◆ EXERCISE BRIEF
From the listing below, pull out all lines with "fits" in them.

◆ PROVIDED DATA
═══

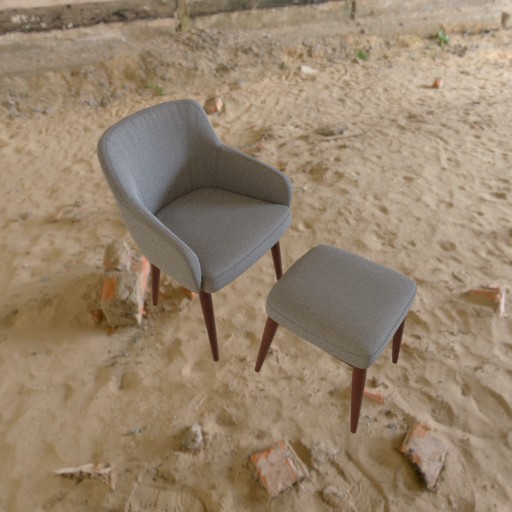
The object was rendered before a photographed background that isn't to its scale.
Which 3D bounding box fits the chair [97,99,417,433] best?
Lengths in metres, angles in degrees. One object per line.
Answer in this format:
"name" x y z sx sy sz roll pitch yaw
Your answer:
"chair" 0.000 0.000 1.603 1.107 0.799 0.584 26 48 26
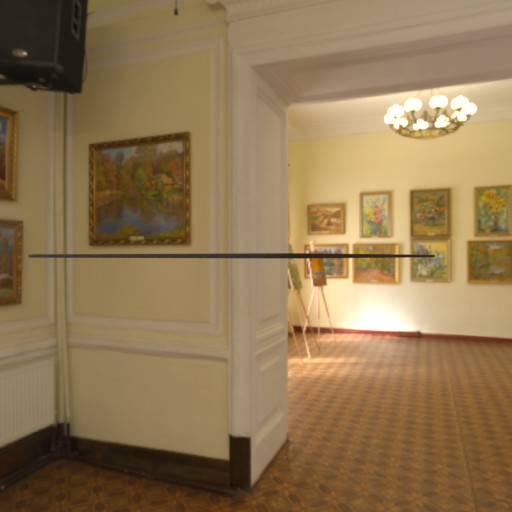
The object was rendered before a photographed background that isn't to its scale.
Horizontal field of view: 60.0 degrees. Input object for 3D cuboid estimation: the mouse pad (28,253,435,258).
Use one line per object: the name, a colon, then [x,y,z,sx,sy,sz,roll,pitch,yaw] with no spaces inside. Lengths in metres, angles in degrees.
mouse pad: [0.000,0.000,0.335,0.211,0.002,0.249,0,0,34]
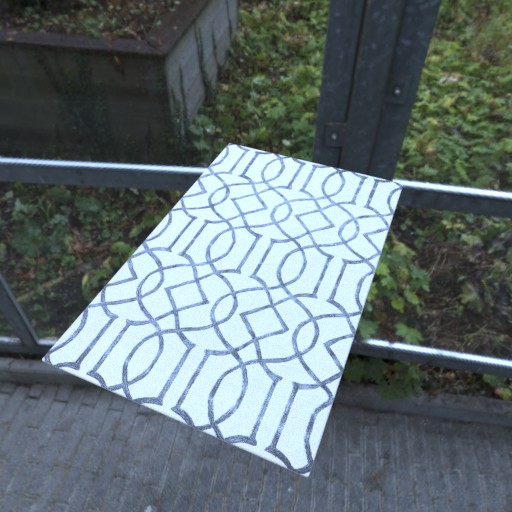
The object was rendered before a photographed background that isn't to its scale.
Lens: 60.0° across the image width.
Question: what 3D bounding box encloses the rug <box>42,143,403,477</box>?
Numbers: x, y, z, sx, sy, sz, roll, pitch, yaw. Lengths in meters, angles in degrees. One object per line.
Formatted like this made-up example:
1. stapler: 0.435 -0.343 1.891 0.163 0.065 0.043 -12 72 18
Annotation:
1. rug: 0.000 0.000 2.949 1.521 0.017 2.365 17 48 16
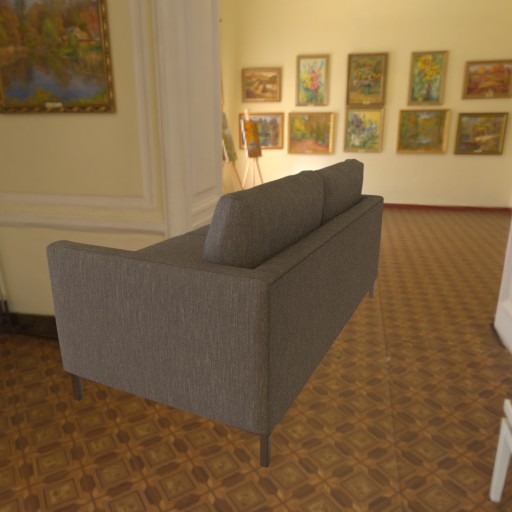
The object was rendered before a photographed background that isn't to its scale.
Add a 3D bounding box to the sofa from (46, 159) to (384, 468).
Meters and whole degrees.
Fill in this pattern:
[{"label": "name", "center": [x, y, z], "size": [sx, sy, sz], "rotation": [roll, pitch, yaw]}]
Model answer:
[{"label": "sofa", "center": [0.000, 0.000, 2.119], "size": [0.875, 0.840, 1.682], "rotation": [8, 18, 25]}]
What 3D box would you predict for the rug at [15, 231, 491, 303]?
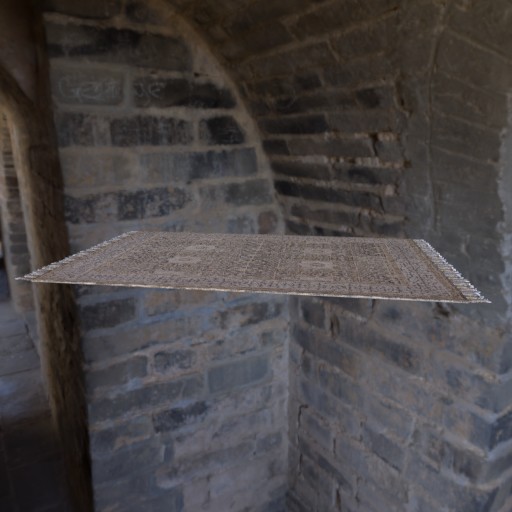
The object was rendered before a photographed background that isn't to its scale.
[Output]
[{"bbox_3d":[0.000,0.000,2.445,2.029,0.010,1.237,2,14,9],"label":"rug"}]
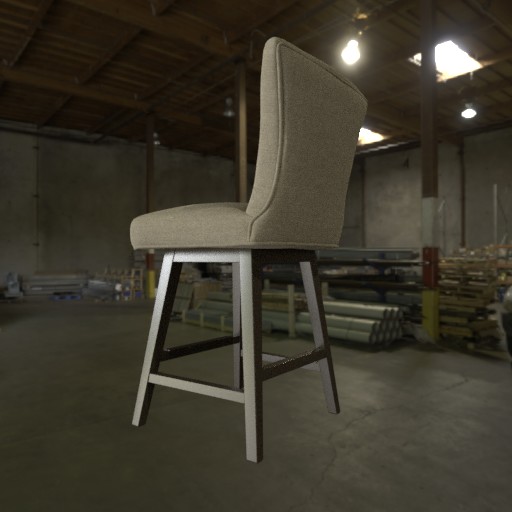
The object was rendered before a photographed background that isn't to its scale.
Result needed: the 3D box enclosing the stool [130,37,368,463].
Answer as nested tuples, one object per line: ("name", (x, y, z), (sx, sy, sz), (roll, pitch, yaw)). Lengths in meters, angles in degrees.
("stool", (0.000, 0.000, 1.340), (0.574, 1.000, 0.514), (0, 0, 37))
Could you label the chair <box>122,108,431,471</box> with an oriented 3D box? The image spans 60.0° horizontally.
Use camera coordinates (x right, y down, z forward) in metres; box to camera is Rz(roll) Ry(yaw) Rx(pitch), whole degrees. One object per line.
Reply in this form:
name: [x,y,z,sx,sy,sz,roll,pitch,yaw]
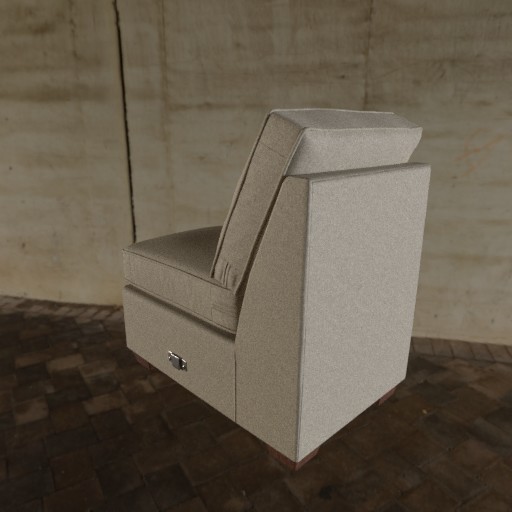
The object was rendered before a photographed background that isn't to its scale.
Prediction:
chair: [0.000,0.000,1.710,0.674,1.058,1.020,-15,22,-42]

═══

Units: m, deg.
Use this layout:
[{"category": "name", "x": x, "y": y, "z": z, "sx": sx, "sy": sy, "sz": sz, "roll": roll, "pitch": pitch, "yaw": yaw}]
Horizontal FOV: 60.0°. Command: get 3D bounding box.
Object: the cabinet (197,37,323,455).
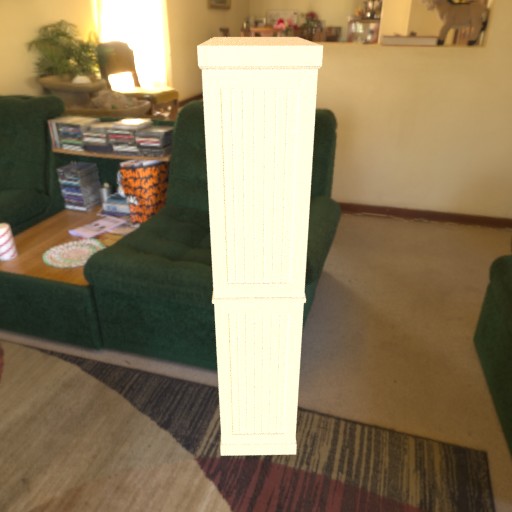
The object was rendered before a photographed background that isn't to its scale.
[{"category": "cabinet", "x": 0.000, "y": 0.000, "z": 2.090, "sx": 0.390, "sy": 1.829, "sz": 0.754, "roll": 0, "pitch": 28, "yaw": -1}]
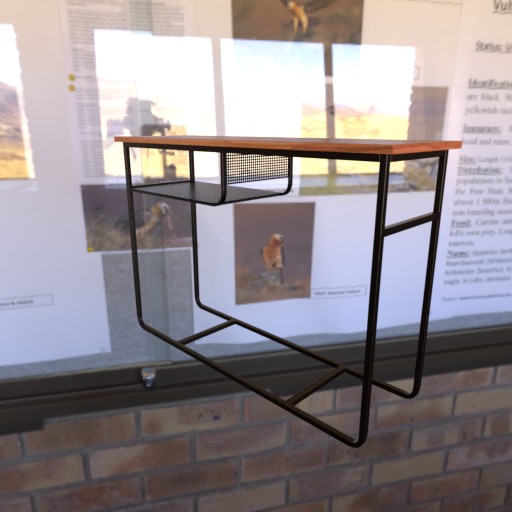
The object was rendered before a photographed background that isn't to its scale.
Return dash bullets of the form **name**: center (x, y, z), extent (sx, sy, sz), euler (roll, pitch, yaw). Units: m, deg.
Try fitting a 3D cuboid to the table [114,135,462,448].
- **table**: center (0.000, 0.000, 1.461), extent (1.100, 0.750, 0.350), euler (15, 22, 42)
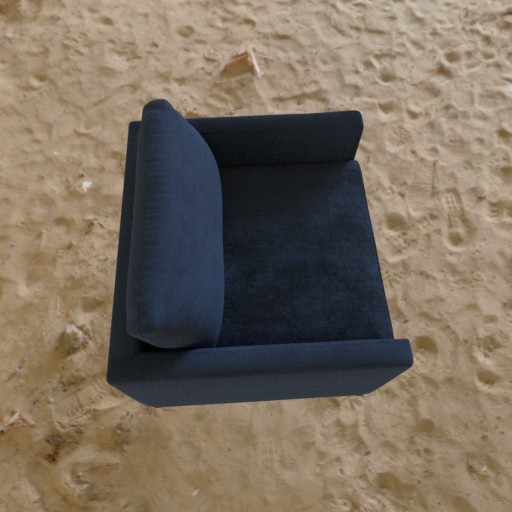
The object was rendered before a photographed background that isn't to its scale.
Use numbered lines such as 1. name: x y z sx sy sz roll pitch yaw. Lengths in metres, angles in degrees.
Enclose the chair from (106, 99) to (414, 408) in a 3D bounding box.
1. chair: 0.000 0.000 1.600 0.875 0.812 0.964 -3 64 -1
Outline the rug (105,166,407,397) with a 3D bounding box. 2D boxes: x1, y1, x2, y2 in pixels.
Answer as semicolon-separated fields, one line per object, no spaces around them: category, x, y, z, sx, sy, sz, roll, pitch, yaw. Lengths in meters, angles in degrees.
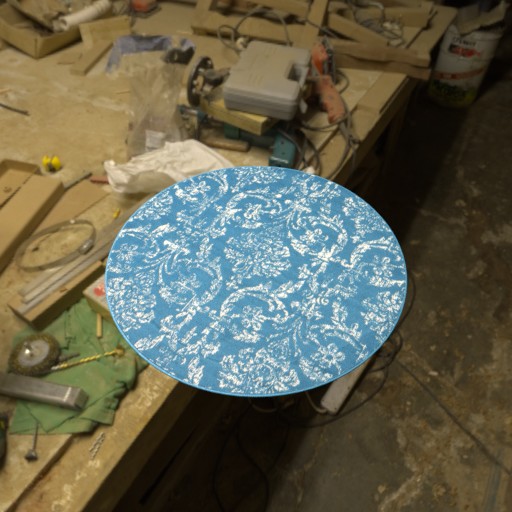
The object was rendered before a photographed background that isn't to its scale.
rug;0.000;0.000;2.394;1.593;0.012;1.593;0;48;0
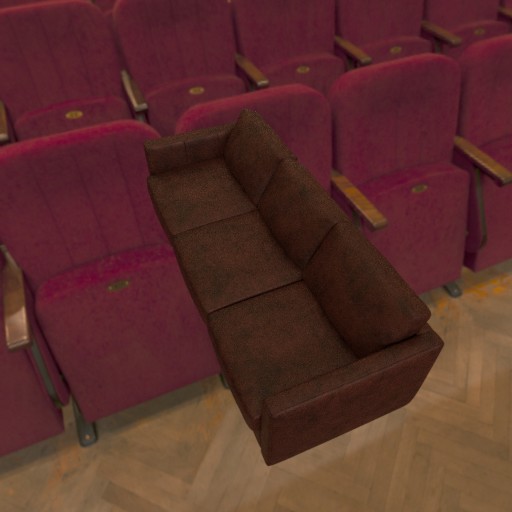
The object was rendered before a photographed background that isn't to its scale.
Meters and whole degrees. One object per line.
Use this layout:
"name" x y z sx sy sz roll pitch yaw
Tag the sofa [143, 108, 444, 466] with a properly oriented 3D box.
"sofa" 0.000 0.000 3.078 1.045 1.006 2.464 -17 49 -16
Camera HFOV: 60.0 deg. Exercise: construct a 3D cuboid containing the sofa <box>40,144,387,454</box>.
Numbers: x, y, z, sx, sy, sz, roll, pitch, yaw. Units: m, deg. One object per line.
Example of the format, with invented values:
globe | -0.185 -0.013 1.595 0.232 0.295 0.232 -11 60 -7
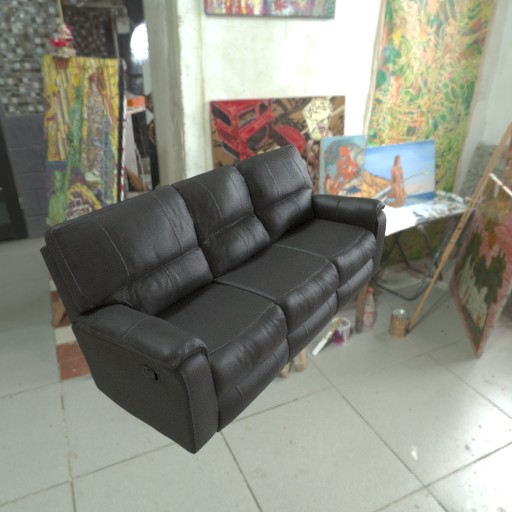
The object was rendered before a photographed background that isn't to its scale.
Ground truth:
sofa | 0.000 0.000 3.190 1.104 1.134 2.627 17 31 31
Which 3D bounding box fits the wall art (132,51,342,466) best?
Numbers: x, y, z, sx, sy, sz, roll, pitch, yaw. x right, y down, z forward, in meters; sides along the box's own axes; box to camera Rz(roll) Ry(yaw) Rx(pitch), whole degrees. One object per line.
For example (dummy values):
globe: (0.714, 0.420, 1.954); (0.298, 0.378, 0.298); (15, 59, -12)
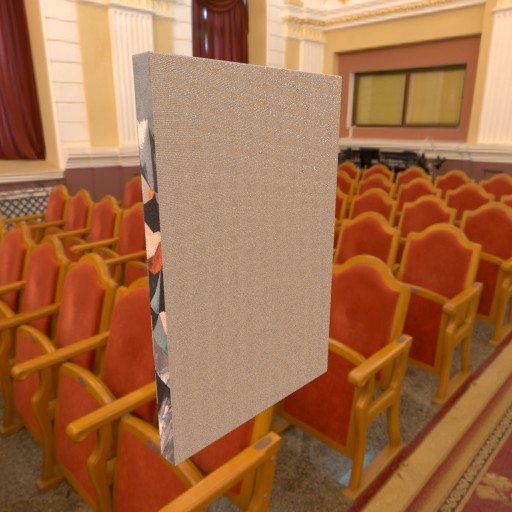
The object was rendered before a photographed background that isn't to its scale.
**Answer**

═══

◆ COMPLETED TASK
Which 3D bounding box fits the chair [97,99,417,433] best?
Which 3D bounding box fits the wall art (132,51,342,466) best?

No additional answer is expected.